Stored items

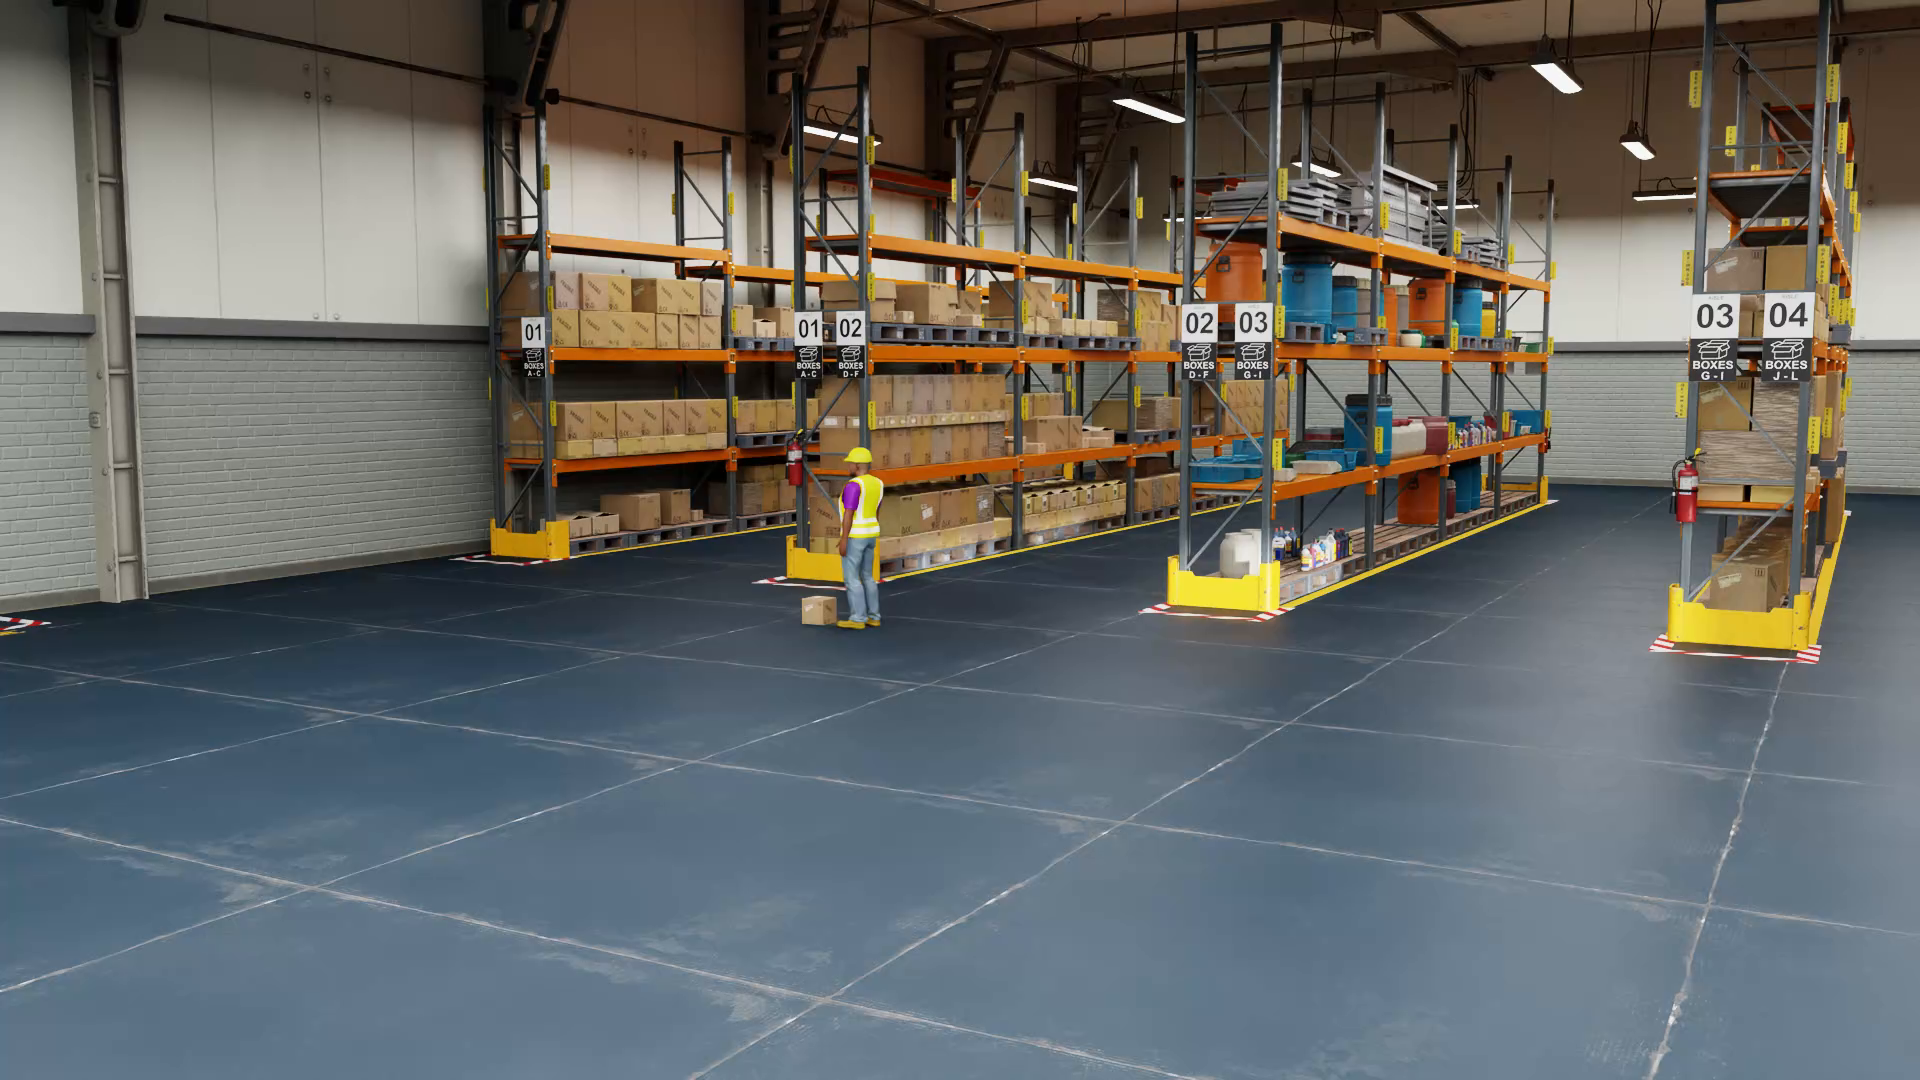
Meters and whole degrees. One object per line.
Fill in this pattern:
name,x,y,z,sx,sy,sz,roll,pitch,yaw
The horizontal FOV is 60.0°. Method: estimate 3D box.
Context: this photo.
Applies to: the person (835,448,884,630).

---

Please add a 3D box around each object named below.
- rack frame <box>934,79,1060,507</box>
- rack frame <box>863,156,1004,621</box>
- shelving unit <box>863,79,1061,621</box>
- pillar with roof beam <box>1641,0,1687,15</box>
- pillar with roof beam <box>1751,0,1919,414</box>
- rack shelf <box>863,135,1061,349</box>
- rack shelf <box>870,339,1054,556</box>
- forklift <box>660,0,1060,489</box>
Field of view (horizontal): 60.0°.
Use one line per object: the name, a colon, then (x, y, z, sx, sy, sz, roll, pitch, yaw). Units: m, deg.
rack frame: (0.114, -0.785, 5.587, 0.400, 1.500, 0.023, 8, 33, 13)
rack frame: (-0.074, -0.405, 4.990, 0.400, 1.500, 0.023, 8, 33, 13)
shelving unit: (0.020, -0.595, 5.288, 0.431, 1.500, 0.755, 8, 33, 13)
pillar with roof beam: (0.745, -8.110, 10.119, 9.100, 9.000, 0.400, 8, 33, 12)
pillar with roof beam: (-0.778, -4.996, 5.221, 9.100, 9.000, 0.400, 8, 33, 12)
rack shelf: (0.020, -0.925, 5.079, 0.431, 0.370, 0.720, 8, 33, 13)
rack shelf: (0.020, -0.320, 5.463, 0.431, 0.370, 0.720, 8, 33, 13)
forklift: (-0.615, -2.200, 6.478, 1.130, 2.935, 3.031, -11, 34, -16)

**Work instructions**
Tally how many lines of the records hold the word "this". Answer with the number only.

**Expected output**
2